* [WHAT IS REQUIRED] Count the lines below that contain "font". Answer with the number alone.

(RECORDS SHOWN Opens)

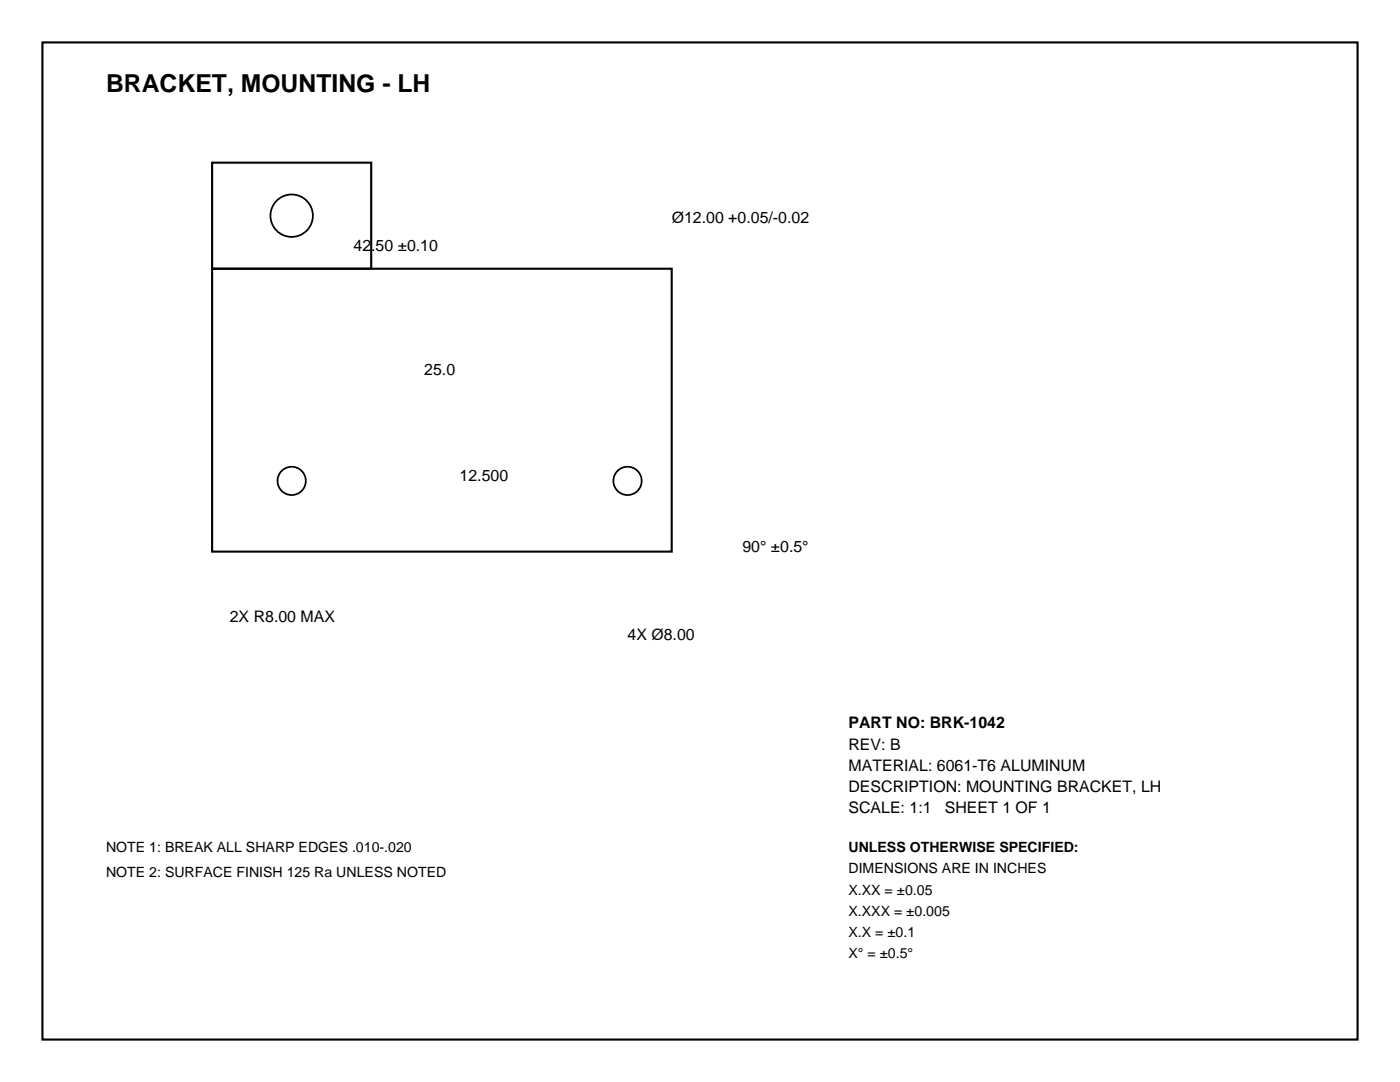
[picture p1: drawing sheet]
<svg xmlns="http://www.w3.org/2000/svg" width="279mm" height="216mm" viewBox="0 0 279 216" stroke-linecap="round" stroke-linejoin="round" font-family="sans-serif">
<defs><g id="words">
<text font-size="4.9" x="21.2" y="18.3">BRACKET, MOUNTING - LH</text>
<g font-size="3.2">
<text x="134.1" y="44.4">Ø12.00 +0.05/-0.02</text>
<text x="70.6" y="50.1">42.50 ±0.10</text>
<text x="84.7" y="74.8">25.0</text>
<text x="91.7" y="96">12.500</text>
<text x="148.2" y="110.1">90° ±0.5°</text>
<text x="45.9" y="124.2">2X R8.00 MAX</text>
<text x="125.2" y="127.7">4X Ø8.00</text>
<text x="169.3" y="145.3">PART NO: BRK-1042</text>
<text x="169.3" y="149.6">REV: B</text>
<text x="169.3" y="153.8">MATERIAL: 6061-T6 ALUMINUM</text>
<text x="169.3" y="158">DESCRIPTION: MOUNTING BRACKET, LH</text>
<text x="169.3" y="162.3">SCALE: 1:1</text>
<text x="188.6" y="162.3">SHEET 1 OF 1</text>
</g>
<g font-size="2.8">
<text x="21.2" y="170">NOTE 1: BREAK ALL SHARP EDGES .010-.020</text>
<text x="169.3" y="170">UNLESS OTHERWISE SPECIFIED:</text>
<text x="21.2" y="175">NOTE 2: SURFACE FINISH 125 Ra UNLESS NOTED</text>
<text x="169.3" y="174.3">DIMENSIONS ARE IN INCHES</text>
<text x="169.3" y="178.5">X.XX = ±0.05</text>
<text x="169.3" y="182.7">X.XXX = ±0.005</text>
<text x="169.3" y="187">X.X = ±0.1</text>
<text x="169.3" y="191.2">X° = ±0.5°</text>
</g>
</g></defs>
<path d="M8.5 8.5h262.4v198.9h-262.4zM42.3 32.5h31.8v21.1h-31.8zM42.3 53.6h91.8v56.5h-91.8z" fill="none" stroke="#000" stroke-width=".42"/>
<g fill="none" stroke="#000" stroke-width=".35">
<circle cx="58.2" cy="43" r="4.2"/>
<circle cx="58.2" cy="96" r="2.82"/>
<circle cx="125.2" cy="96" r="2.82"/>
</g>
<use href="#words"/>
</svg>

(RECORDS SHOWN Closes)

* [WRITTEN ANSWER] 4